* Study material
↓

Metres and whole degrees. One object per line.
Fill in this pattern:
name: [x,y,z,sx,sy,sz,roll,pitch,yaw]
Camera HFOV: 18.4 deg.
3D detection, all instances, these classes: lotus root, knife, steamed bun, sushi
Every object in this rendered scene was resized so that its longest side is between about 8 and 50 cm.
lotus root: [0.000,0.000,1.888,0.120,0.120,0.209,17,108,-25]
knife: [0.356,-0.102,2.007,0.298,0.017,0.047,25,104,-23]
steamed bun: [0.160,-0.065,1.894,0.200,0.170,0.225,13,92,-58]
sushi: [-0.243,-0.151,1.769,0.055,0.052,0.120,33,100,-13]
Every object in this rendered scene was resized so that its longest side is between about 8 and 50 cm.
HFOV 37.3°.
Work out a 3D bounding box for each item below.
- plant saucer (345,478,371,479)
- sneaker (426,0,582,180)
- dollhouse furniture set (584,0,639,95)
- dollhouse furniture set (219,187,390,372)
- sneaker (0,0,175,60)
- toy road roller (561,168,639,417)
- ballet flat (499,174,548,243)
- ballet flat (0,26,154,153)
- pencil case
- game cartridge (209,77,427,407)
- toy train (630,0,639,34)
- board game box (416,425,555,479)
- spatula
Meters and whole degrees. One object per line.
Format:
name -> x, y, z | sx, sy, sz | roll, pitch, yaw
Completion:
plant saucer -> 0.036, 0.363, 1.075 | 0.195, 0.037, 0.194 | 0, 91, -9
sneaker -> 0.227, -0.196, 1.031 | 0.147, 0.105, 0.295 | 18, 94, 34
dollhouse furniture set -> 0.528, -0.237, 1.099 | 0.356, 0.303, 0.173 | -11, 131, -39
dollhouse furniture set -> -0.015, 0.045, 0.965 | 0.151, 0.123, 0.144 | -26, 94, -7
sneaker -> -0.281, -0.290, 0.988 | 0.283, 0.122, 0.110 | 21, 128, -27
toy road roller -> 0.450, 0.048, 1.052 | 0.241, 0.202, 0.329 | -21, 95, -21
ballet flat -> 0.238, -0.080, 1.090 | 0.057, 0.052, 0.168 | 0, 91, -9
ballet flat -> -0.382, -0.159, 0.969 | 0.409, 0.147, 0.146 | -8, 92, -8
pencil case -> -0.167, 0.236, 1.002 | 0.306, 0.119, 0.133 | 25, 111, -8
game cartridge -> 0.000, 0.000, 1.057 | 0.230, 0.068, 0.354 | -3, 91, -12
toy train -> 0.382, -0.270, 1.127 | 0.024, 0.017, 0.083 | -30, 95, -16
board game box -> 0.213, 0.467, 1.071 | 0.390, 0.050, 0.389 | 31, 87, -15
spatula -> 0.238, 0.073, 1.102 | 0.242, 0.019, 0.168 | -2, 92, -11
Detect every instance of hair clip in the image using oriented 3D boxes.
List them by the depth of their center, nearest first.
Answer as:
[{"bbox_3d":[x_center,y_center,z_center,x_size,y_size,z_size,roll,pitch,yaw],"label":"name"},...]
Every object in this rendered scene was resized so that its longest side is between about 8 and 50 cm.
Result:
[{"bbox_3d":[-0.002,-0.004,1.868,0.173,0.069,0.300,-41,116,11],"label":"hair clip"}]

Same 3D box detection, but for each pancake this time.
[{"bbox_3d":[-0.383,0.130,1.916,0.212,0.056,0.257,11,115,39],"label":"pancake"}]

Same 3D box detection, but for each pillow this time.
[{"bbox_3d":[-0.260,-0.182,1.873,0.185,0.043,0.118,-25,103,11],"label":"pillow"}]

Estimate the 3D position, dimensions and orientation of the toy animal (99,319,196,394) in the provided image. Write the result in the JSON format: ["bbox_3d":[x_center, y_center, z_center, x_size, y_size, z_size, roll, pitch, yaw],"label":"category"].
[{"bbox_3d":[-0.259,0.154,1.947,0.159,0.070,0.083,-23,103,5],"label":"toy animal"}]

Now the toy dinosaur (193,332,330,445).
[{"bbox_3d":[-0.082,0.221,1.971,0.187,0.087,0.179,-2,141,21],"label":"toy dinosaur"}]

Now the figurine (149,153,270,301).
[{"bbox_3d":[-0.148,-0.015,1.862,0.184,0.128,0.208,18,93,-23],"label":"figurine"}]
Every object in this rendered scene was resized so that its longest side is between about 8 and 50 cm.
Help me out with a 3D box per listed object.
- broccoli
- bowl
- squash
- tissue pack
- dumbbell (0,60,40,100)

↑

* Your objective
Retype the entries above. Match them exactly.

* Written solution
Metres and whole degrees. One object per line.
Fill in this pattern:
name: [x,y,z,sx,sy,sz,roll,pitch,yaw]
Camera HFOV: 18.4 deg.
3D detection, all instances, these classes: lotus root, knife, steamed bun, sushi
Every object in this rendered scene was resized so that its longest side is between about 8 and 50 cm.
lotus root: [0.000,0.000,1.888,0.120,0.120,0.209,17,108,-25]
knife: [0.356,-0.102,2.007,0.298,0.017,0.047,25,104,-23]
steamed bun: [0.160,-0.065,1.894,0.200,0.170,0.225,13,92,-58]
sushi: [-0.243,-0.151,1.769,0.055,0.052,0.120,33,100,-13]
Every object in this rendered scene was resized so that its longest side is between about 8 and 50 cm.
HFOV 37.3°.
Work out a 3D bounding box for each item below.
- plant saucer (345,478,371,479)
- sneaker (426,0,582,180)
- dollhouse furniture set (584,0,639,95)
- dollhouse furniture set (219,187,390,372)
- sneaker (0,0,175,60)
- toy road roller (561,168,639,417)
- ballet flat (499,174,548,243)
- ballet flat (0,26,154,153)
- pencil case
- game cartridge (209,77,427,407)
- toy train (630,0,639,34)
- board game box (416,425,555,479)
- spatula
Meters and whole degrees. One object per line.
Format:
name -> x, y, z | sx, sy, sz | roll, pitch, yaw
Completion:
plant saucer -> 0.036, 0.363, 1.075 | 0.195, 0.037, 0.194 | 0, 91, -9
sneaker -> 0.227, -0.196, 1.031 | 0.147, 0.105, 0.295 | 18, 94, 34
dollhouse furniture set -> 0.528, -0.237, 1.099 | 0.356, 0.303, 0.173 | -11, 131, -39
dollhouse furniture set -> -0.015, 0.045, 0.965 | 0.151, 0.123, 0.144 | -26, 94, -7
sneaker -> -0.281, -0.290, 0.988 | 0.283, 0.122, 0.110 | 21, 128, -27
toy road roller -> 0.450, 0.048, 1.052 | 0.241, 0.202, 0.329 | -21, 95, -21
ballet flat -> 0.238, -0.080, 1.090 | 0.057, 0.052, 0.168 | 0, 91, -9
ballet flat -> -0.382, -0.159, 0.969 | 0.409, 0.147, 0.146 | -8, 92, -8
pencil case -> -0.167, 0.236, 1.002 | 0.306, 0.119, 0.133 | 25, 111, -8
game cartridge -> 0.000, 0.000, 1.057 | 0.230, 0.068, 0.354 | -3, 91, -12
toy train -> 0.382, -0.270, 1.127 | 0.024, 0.017, 0.083 | -30, 95, -16
board game box -> 0.213, 0.467, 1.071 | 0.390, 0.050, 0.389 | 31, 87, -15
spatula -> 0.238, 0.073, 1.102 | 0.242, 0.019, 0.168 | -2, 92, -11
Detect every instance of hair clip in the image using oriented 3D boxes.
List them by the depth of their center, nearest first.
Answer as:
[{"bbox_3d":[x_center,y_center,z_center,x_size,y_size,z_size,roll,pitch,yaw],"label":"name"},...]
Every object in this rendered scene was resized so that its longest side is between about 8 and 50 cm.
Result:
[{"bbox_3d":[-0.002,-0.004,1.868,0.173,0.069,0.300,-41,116,11],"label":"hair clip"}]

Same 3D box detection, but for each pancake this time.
[{"bbox_3d":[-0.383,0.130,1.916,0.212,0.056,0.257,11,115,39],"label":"pancake"}]

Same 3D box detection, but for each pillow this time.
[{"bbox_3d":[-0.260,-0.182,1.873,0.185,0.043,0.118,-25,103,11],"label":"pillow"}]

Estimate the 3D position, dimensions and orientation of the toy animal (99,319,196,394) in the provided image. Write the result in the JSON format: ["bbox_3d":[x_center, y_center, z_center, x_size, y_size, z_size, roll, pitch, yaw],"label":"category"].
[{"bbox_3d":[-0.259,0.154,1.947,0.159,0.070,0.083,-23,103,5],"label":"toy animal"}]

Now the toy dinosaur (193,332,330,445).
[{"bbox_3d":[-0.082,0.221,1.971,0.187,0.087,0.179,-2,141,21],"label":"toy dinosaur"}]

Now the figurine (149,153,270,301).
[{"bbox_3d":[-0.148,-0.015,1.862,0.184,0.128,0.208,18,93,-23],"label":"figurine"}]
Every object in this rendered scene was resized so that its longest side is between about 8 and 50 cm.
Help me out with a 3D box per listed object.
- broccoli
- bowl
- squash
- tissue pack
- dumbbell (0,60,40,100)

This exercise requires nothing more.